More maturity enhances the ability to learn

SHARE Is your child ready for kindergarten?

When Dina Ahrens took a close look at her son, Dylan, then 4, she wasn't at all sure he was ready to begin kindergarten.

Dylan, who was born in June, would be younger than most of the other children. He didn't like to sit, and didn't want to stay still. He wasn't grasping or retaining information, either, his mother said.

"He was just immature," Ahrens said.

Even though Dylan was age-eligible, Ahrens decided against enrolling him in kindergarten last fall. She opted instead to keep him in a junior kindergarten program at the Jewish Community Council for one more year.

The choice has been the right one for Dylan, who will be 6 when he starts public school kindergarten next fall.

"We are really satisfied with our decision," Ahrens said. "Now he's more than ready. He's more confident, he's able to focus and pay attention, far more than last year."

Increasingly, parents are finding an additional year of kindergarten to be an appealing option for their children, particularly when those children have late birthdays like Dylan.

In an age when parents are constantly pushing their kids to get ahead, some believe staying behind may be the best way to ultimately achieve the same goal. Most experts agree children not ready for kindergarten should not be pushed to enter school, and that waiting for children to mature before enrolling them in kindergarten can enhance their ability to learn and boost self-esteem in the long run.

"A child that is ready for school becomes a happy human being. The child that you put in school before they're ready has to deal with a lot of stresses because they're not ready," said Dr. Gail Gross, a Houston-based child-development expert and former educator in the Houston school district.

"They can't process the information the same way because they're immature, and this creates a lot of anxiety, anxiety for the child and ultimately for the parent."

So, when is a child ready for kindergarten? The answer varies, depending on whom you talk to.

While kindergarten teachers agree it is their job to work with the students regardless of where they are on the developmental spectrum, most believe maximizing the kindergarten year does require some level of readiness.

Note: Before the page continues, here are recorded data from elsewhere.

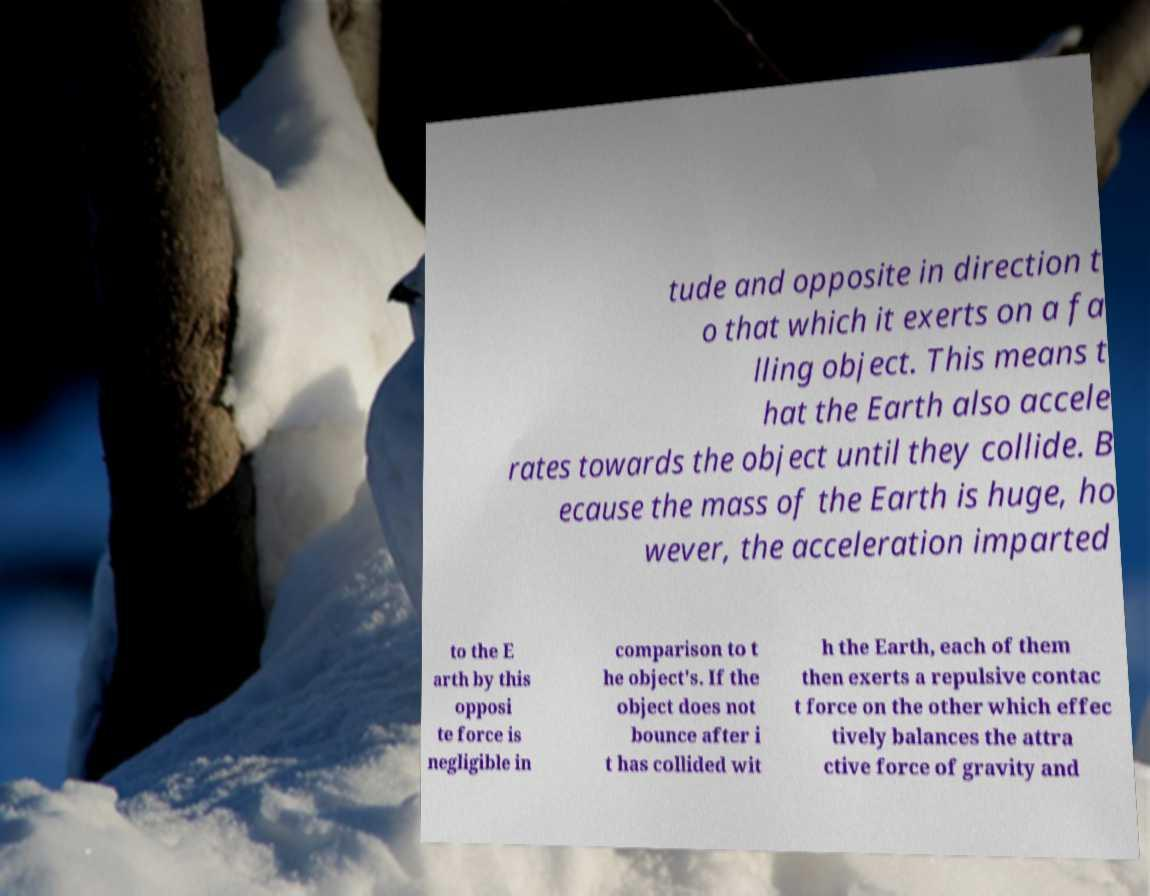Can you accurately transcribe the text from the provided image for me? tude and opposite in direction t o that which it exerts on a fa lling object. This means t hat the Earth also accele rates towards the object until they collide. B ecause the mass of the Earth is huge, ho wever, the acceleration imparted to the E arth by this opposi te force is negligible in comparison to t he object's. If the object does not bounce after i t has collided wit h the Earth, each of them then exerts a repulsive contac t force on the other which effec tively balances the attra ctive force of gravity and 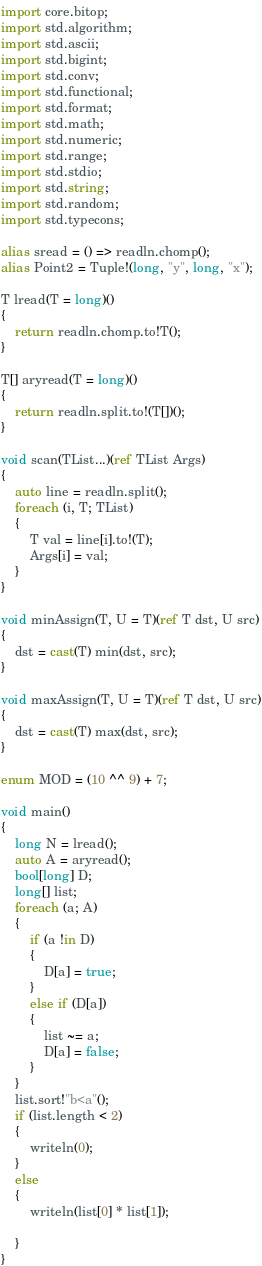<code> <loc_0><loc_0><loc_500><loc_500><_D_>import core.bitop;
import std.algorithm;
import std.ascii;
import std.bigint;
import std.conv;
import std.functional;
import std.format;
import std.math;
import std.numeric;
import std.range;
import std.stdio;
import std.string;
import std.random;
import std.typecons;

alias sread = () => readln.chomp();
alias Point2 = Tuple!(long, "y", long, "x");

T lread(T = long)()
{
    return readln.chomp.to!T();
}

T[] aryread(T = long)()
{
    return readln.split.to!(T[])();
}

void scan(TList...)(ref TList Args)
{
    auto line = readln.split();
    foreach (i, T; TList)
    {
        T val = line[i].to!(T);
        Args[i] = val;
    }
}

void minAssign(T, U = T)(ref T dst, U src)
{
    dst = cast(T) min(dst, src);
}

void maxAssign(T, U = T)(ref T dst, U src)
{
    dst = cast(T) max(dst, src);
}

enum MOD = (10 ^^ 9) + 7;

void main()
{
    long N = lread();
    auto A = aryread();
    bool[long] D;
    long[] list;
    foreach (a; A)
    {
        if (a !in D)
        {
            D[a] = true;
        }
        else if (D[a])
        {
            list ~= a;
            D[a] = false;
        }
    }
    list.sort!"b<a"();
    if (list.length < 2)
    {
        writeln(0);
    }
    else
    {
        writeln(list[0] * list[1]);

    }
}
</code> 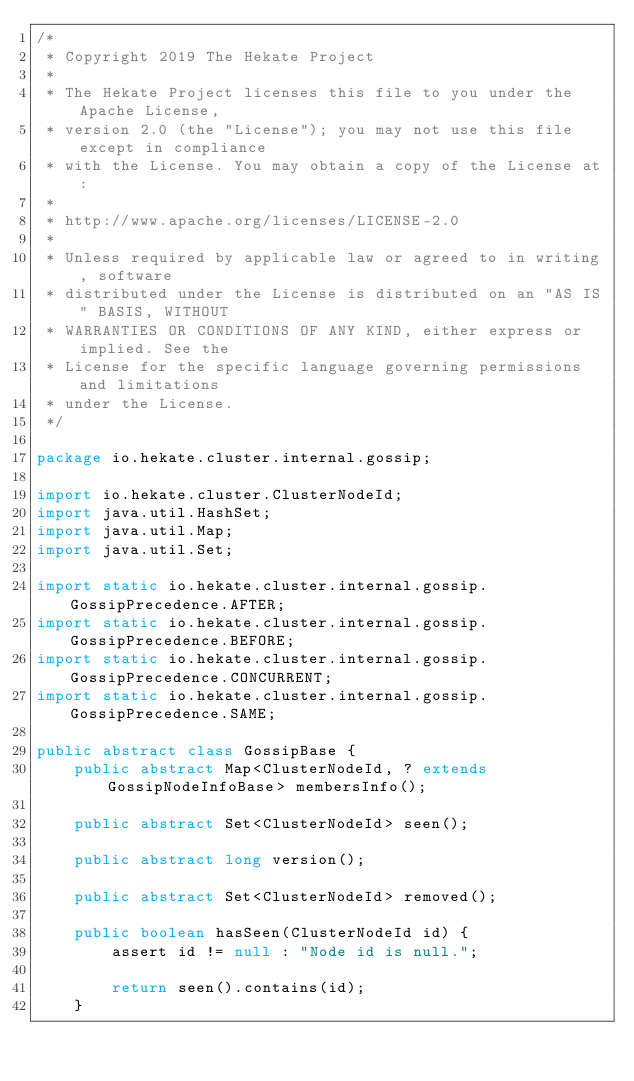Convert code to text. <code><loc_0><loc_0><loc_500><loc_500><_Java_>/*
 * Copyright 2019 The Hekate Project
 *
 * The Hekate Project licenses this file to you under the Apache License,
 * version 2.0 (the "License"); you may not use this file except in compliance
 * with the License. You may obtain a copy of the License at:
 *
 * http://www.apache.org/licenses/LICENSE-2.0
 *
 * Unless required by applicable law or agreed to in writing, software
 * distributed under the License is distributed on an "AS IS" BASIS, WITHOUT
 * WARRANTIES OR CONDITIONS OF ANY KIND, either express or implied. See the
 * License for the specific language governing permissions and limitations
 * under the License.
 */

package io.hekate.cluster.internal.gossip;

import io.hekate.cluster.ClusterNodeId;
import java.util.HashSet;
import java.util.Map;
import java.util.Set;

import static io.hekate.cluster.internal.gossip.GossipPrecedence.AFTER;
import static io.hekate.cluster.internal.gossip.GossipPrecedence.BEFORE;
import static io.hekate.cluster.internal.gossip.GossipPrecedence.CONCURRENT;
import static io.hekate.cluster.internal.gossip.GossipPrecedence.SAME;

public abstract class GossipBase {
    public abstract Map<ClusterNodeId, ? extends GossipNodeInfoBase> membersInfo();

    public abstract Set<ClusterNodeId> seen();

    public abstract long version();

    public abstract Set<ClusterNodeId> removed();

    public boolean hasSeen(ClusterNodeId id) {
        assert id != null : "Node id is null.";

        return seen().contains(id);
    }
</code>

But the readiness that teachers are looking for is not competency in reading or math.

"It is much more important that he knows how to watch and listen than know his ABCs," said Karen McIntire, who has taught kindergarten for 11 years at Luther Jones Elementary School in Corpus Christi, Texas. "I can teach ABCs, but I can't teach much if they haven't learned to listen."

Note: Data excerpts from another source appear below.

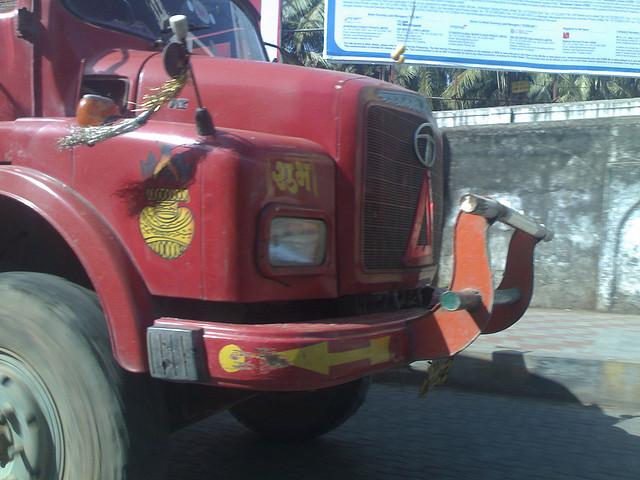What type of road is this truck on?
Be succinct. Brick. Is the arrow pointing right?
Concise answer only. No. Is there a flag on the truck?
Answer briefly. No. 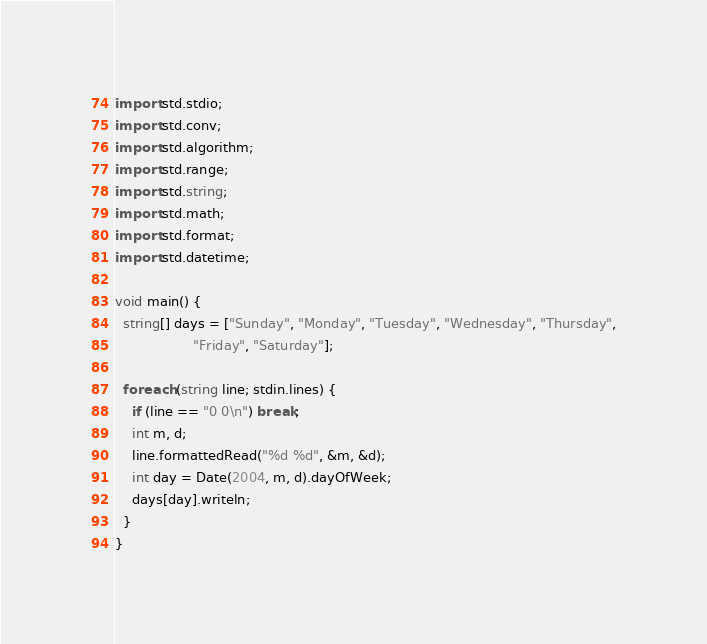Convert code to text. <code><loc_0><loc_0><loc_500><loc_500><_D_>import std.stdio;
import std.conv;
import std.algorithm;
import std.range;
import std.string;
import std.math;
import std.format;
import std.datetime;

void main() {
  string[] days = ["Sunday", "Monday", "Tuesday", "Wednesday", "Thursday",
                   "Friday", "Saturday"];

  foreach (string line; stdin.lines) {
    if (line == "0 0\n") break;
    int m, d;
    line.formattedRead("%d %d", &m, &d);
    int day = Date(2004, m, d).dayOfWeek;
    days[day].writeln;
  }
}</code>

Sharing, working alone and with other children and solving problems with words instead of gestures are also signs of readiness for kindergarten, McIntire said.

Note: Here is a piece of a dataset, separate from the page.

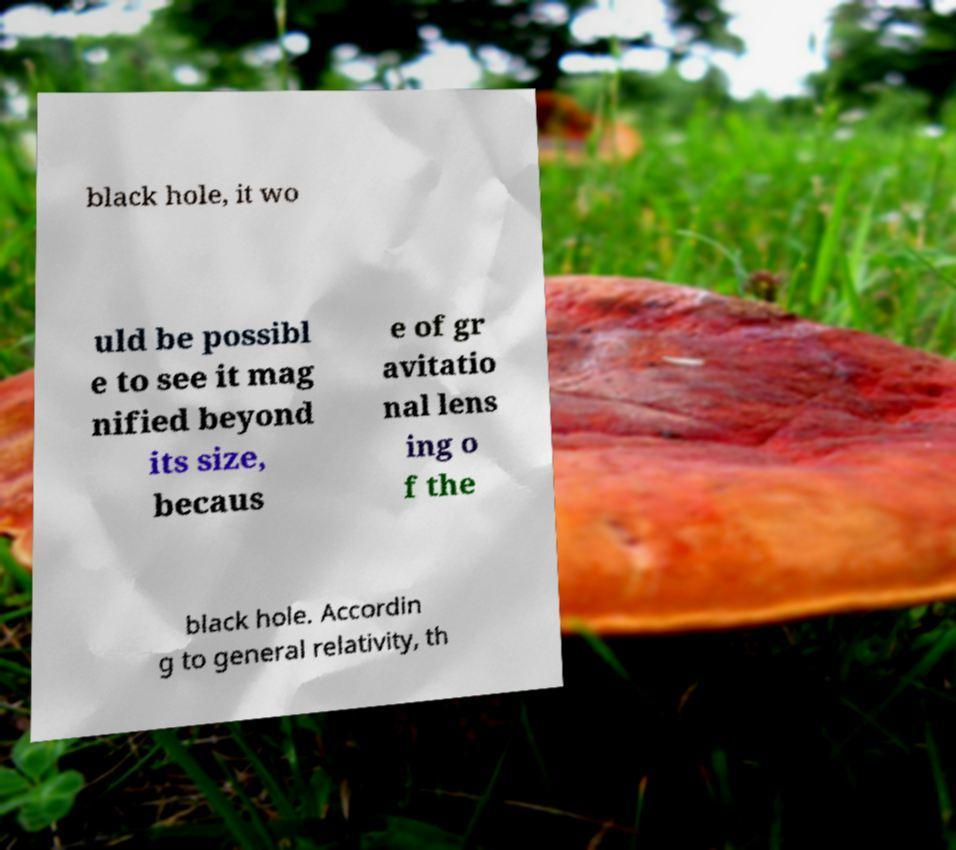For documentation purposes, I need the text within this image transcribed. Could you provide that? black hole, it wo uld be possibl e to see it mag nified beyond its size, becaus e of gr avitatio nal lens ing o f the black hole. Accordin g to general relativity, th

"Kiddos who come in with those behaviors have a jump-start," McIntire said. "It's not an issue of intelligence. It's an issue of listening."

"For the most part, I would tell a parent to wait until they are ready to separate until they send their child to kindergarten and to be part of the process to help them separate," said Jody Johnston Pawel, author of "The Parent's Toolshop." "It's important how parents do that. If the child feels insecure, if they aren't confident, it's important that the parent handle that in an encouraging, accepting way. Try to normalize that for the child and explain that it's a new experience.

"Play school at home, practice whatever the skill it is they are feeling awkward about. Talk with the teacher and get suggestions."

Dawnica Owens' daughter, Lunden, 6, now in kindergarten, benefited from the junior kindergarten program at St. James Episcopal School, which allowed her time to adjust to a full day away from home. For the first semester, school ends at noon. The second semester extends until 2 p.m.

"What's another year?" Owens said. "Another year at home, another year to be with family and friends. I think they leave home real soon anyway."

Michele Silver's son, Kyle, 5, is currently in the junior kindergarten program at St. James and has learned to adjust to being away from home for the full day.

"That was a big step," Silver said. "He had never been in trouble before and instantly he was in trouble every afternoon. Now he's not doing that and has adjusted to staying until 2 p.m. I just think in every way, he's had time to grow up rather than been forced to grow up."